• Brief: Lines from the one containing "Locate the text" through the last line of the data are to be returned exactly, both ends included, minus any pictures.

• Listed records:
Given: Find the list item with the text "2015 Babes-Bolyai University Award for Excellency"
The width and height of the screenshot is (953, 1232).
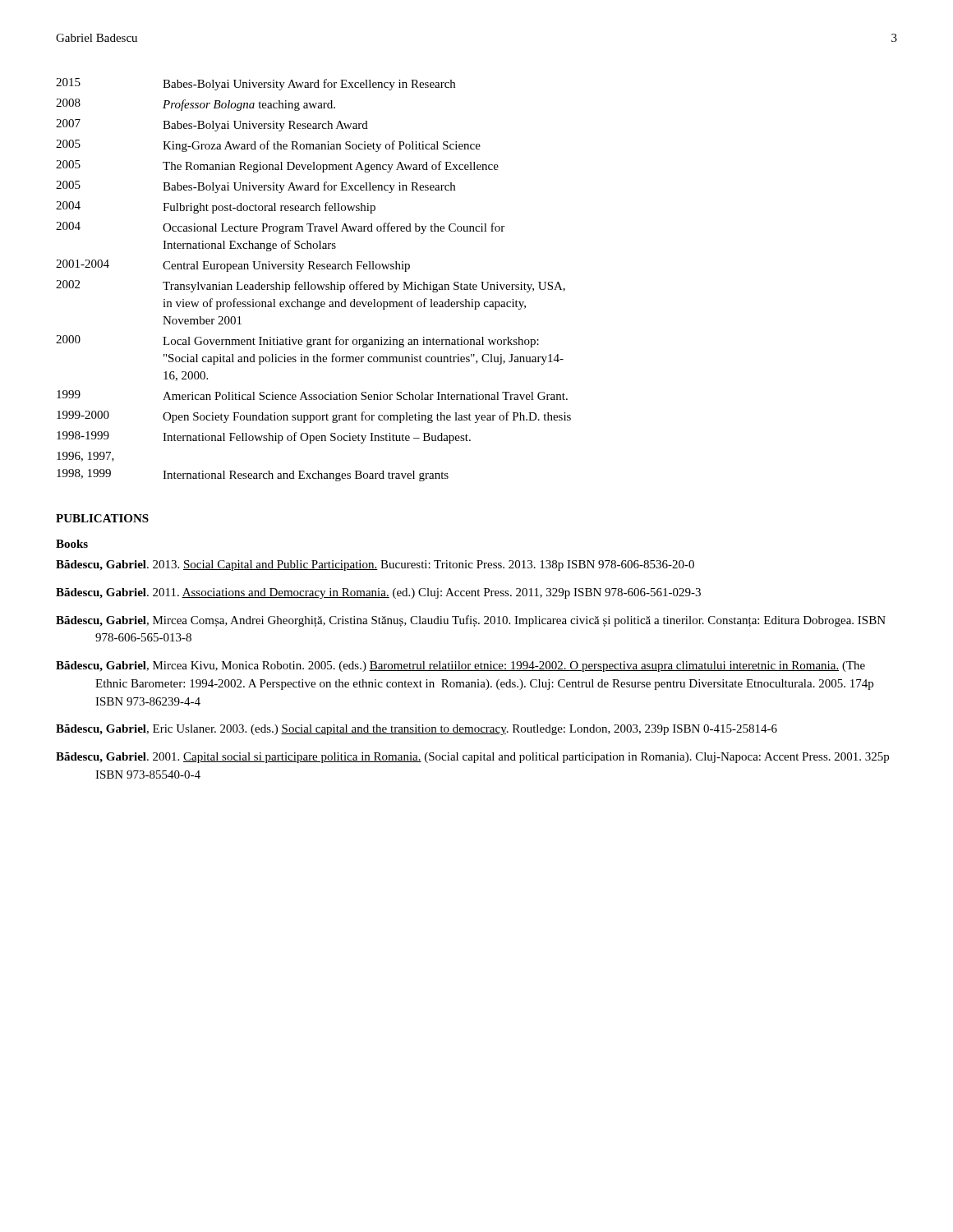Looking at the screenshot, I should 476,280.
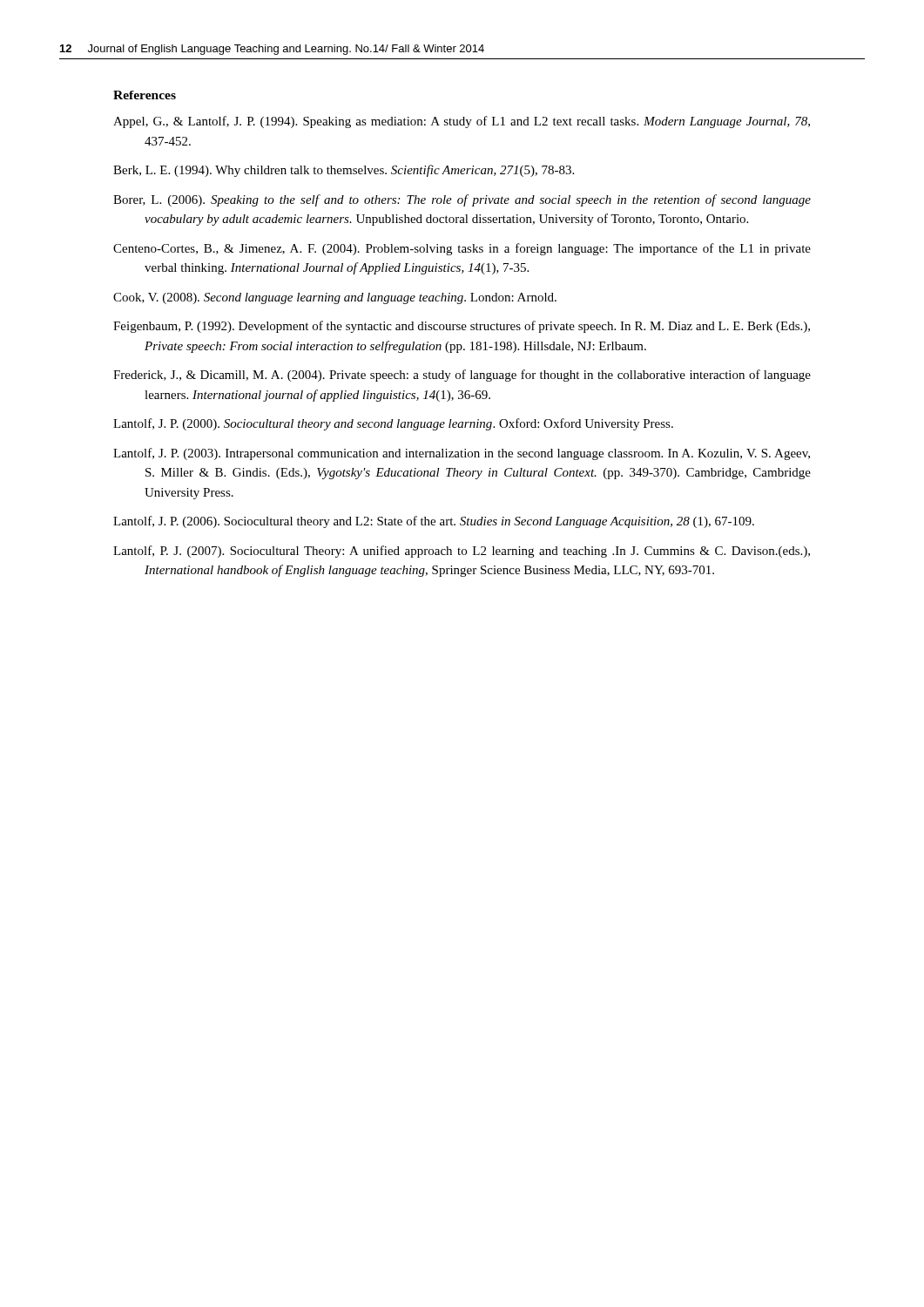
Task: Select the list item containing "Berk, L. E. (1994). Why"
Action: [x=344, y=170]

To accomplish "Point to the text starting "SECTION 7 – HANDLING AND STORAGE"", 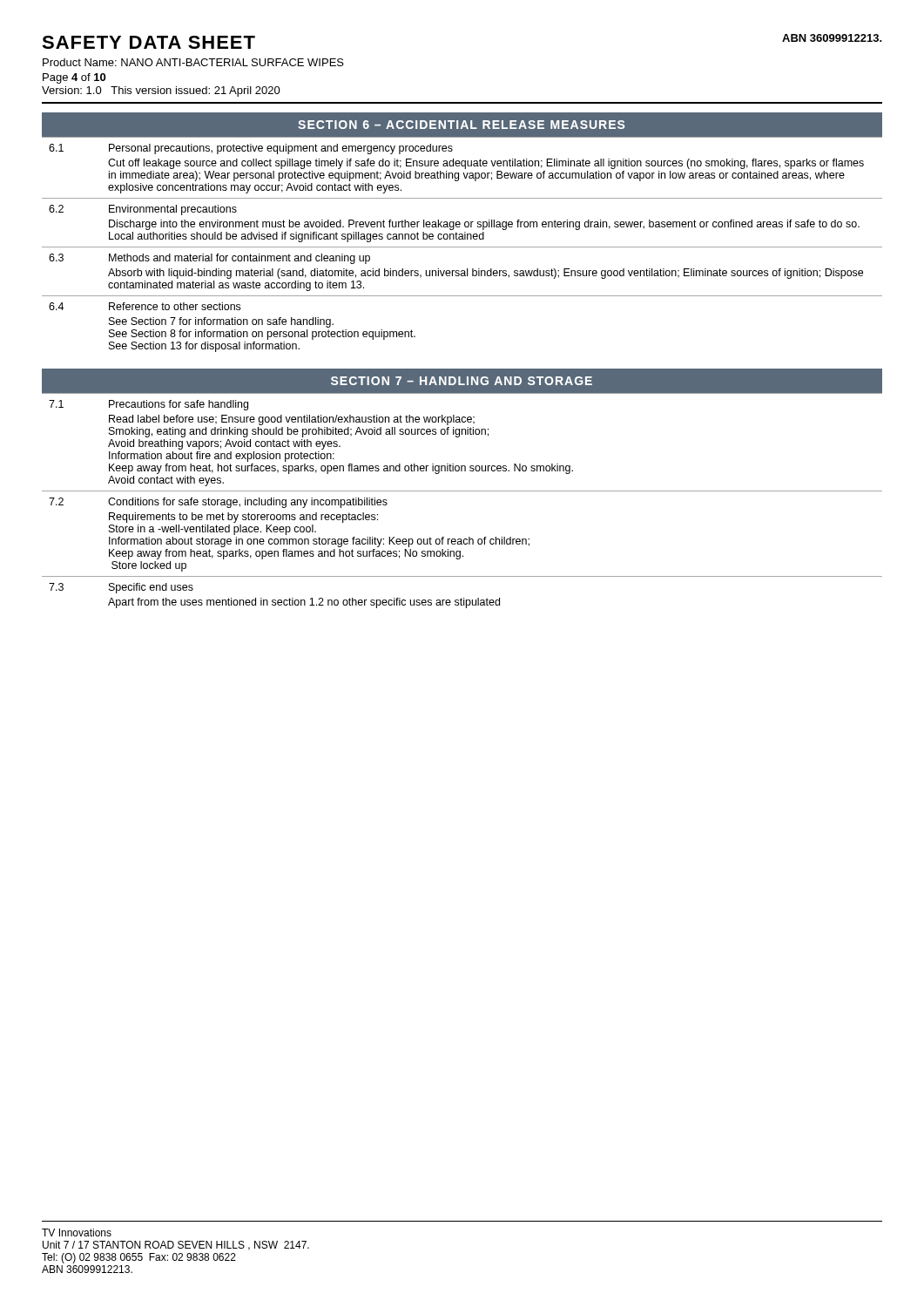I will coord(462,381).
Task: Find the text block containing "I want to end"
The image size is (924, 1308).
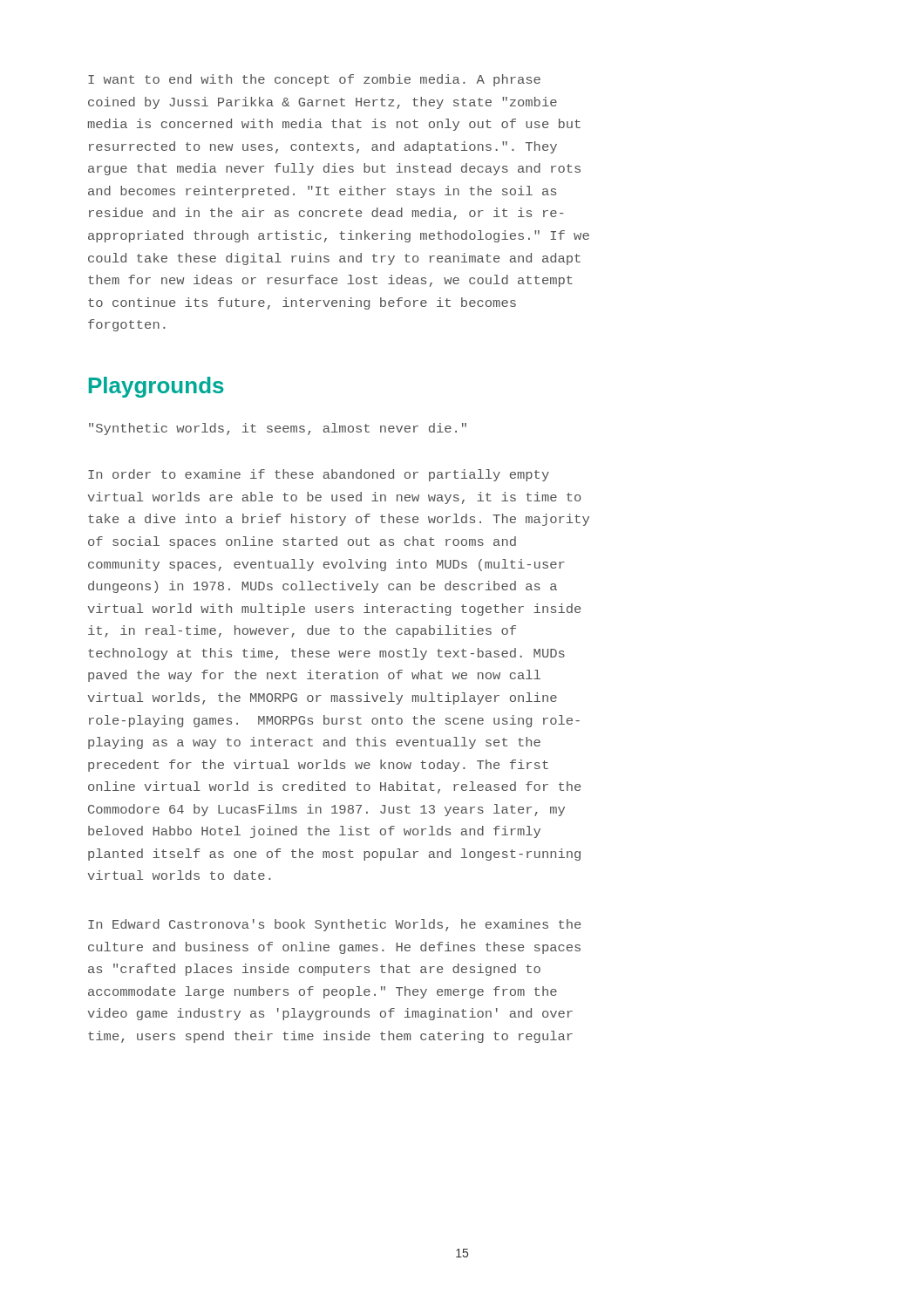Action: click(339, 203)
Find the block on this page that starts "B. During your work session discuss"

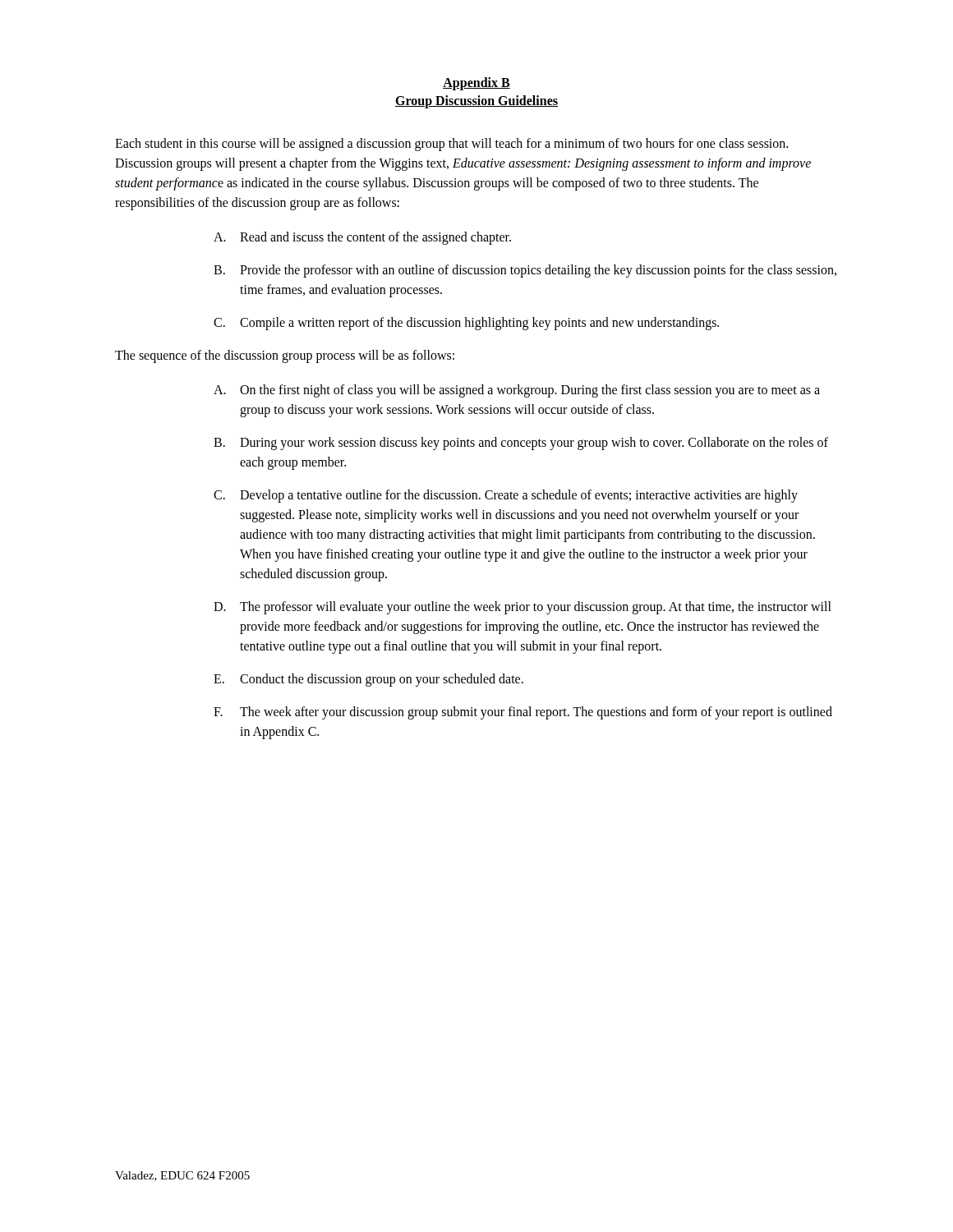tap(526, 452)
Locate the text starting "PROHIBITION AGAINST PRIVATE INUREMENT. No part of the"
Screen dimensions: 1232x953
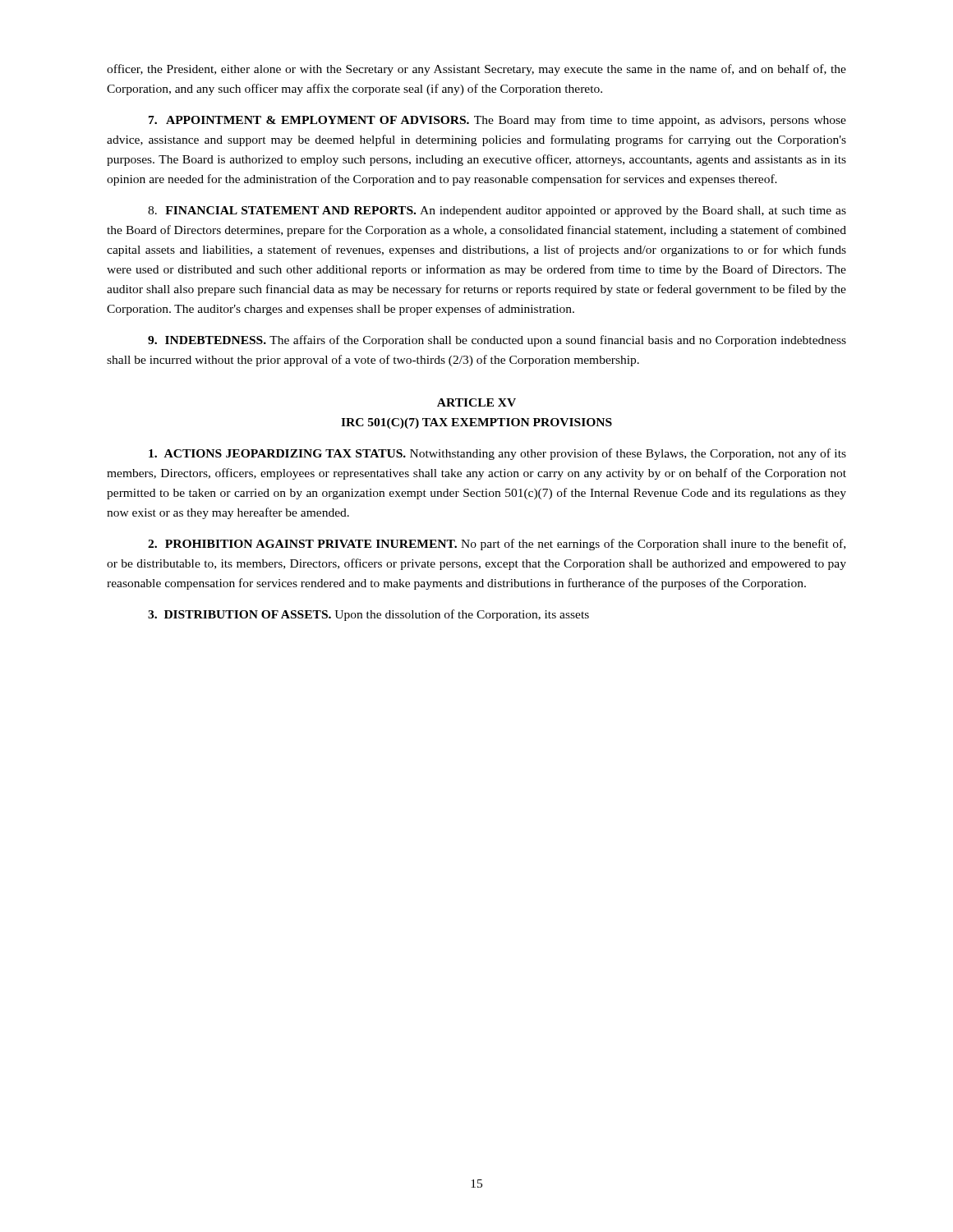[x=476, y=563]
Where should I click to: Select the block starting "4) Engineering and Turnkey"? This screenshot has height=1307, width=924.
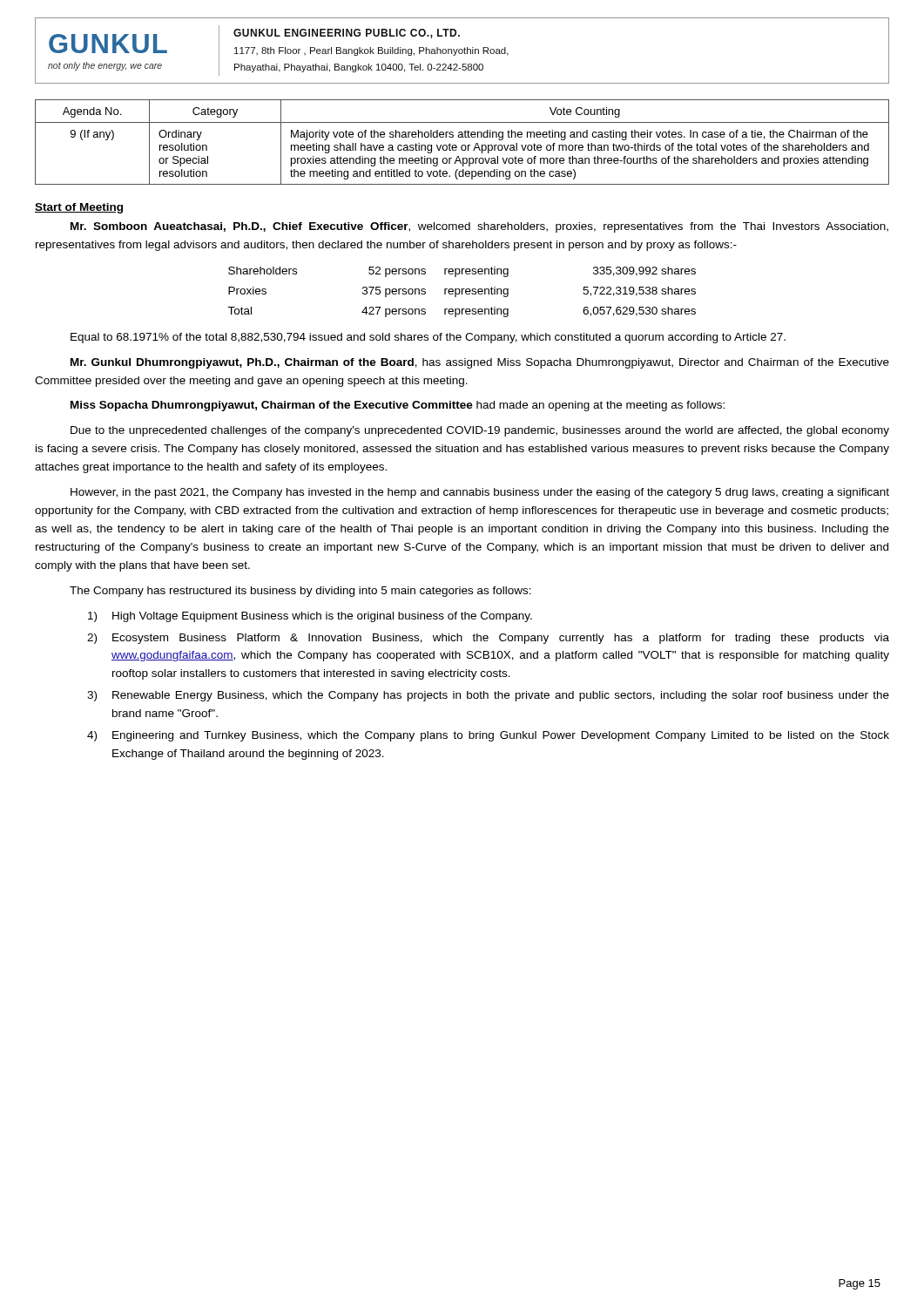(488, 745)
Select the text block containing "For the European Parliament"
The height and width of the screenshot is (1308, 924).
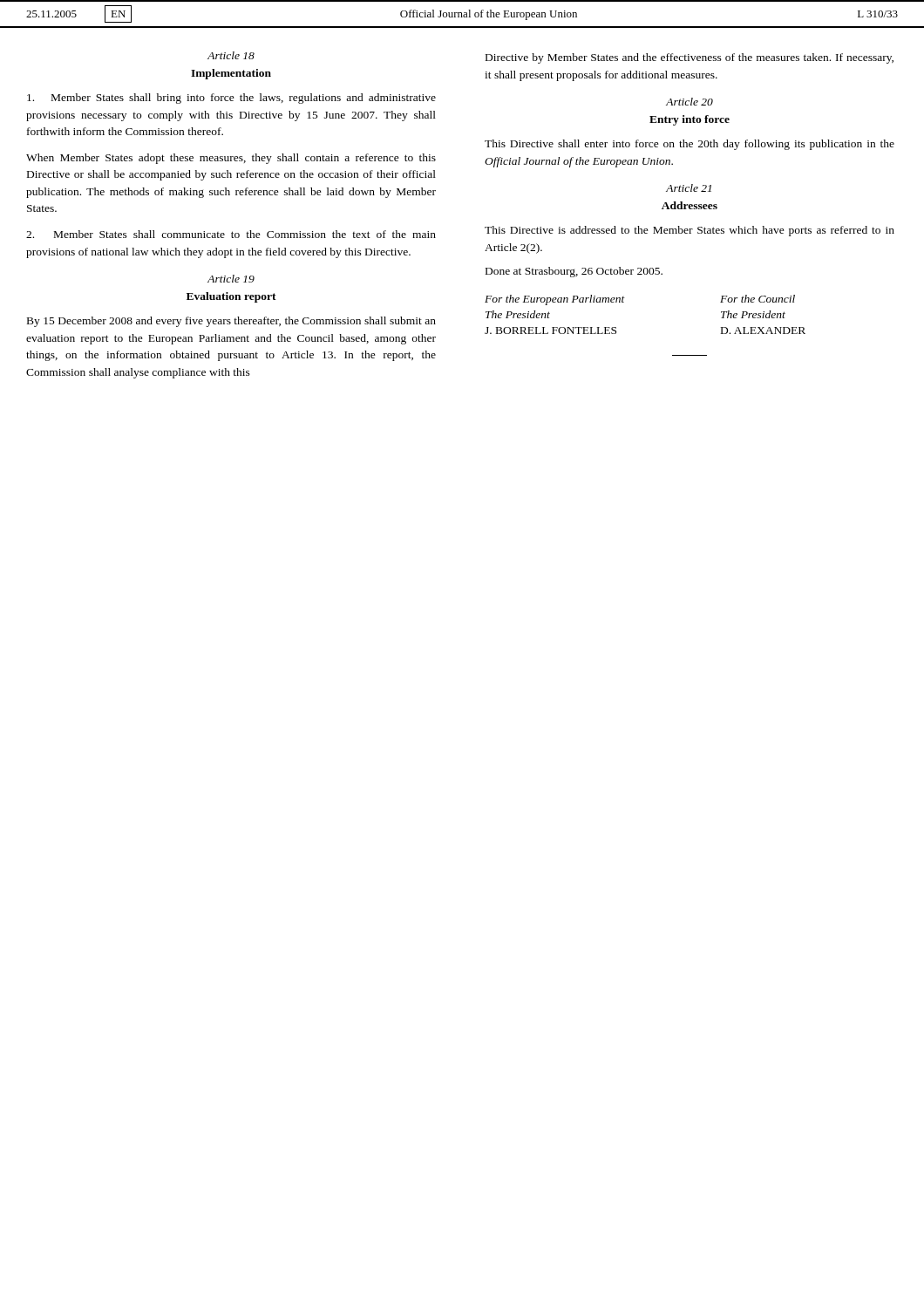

• Answer for the task:
Locate the text starting "PROHIBITION AGAINST PRIVATE INUREMENT. No part of the"
Screen dimensions: 1232x953
[x=476, y=563]
Where should I click to: Select the block starting "4) Engineering and Turnkey"? This screenshot has height=1307, width=924.
(488, 745)
Select the text block containing "For the European Parliament"
The height and width of the screenshot is (1308, 924).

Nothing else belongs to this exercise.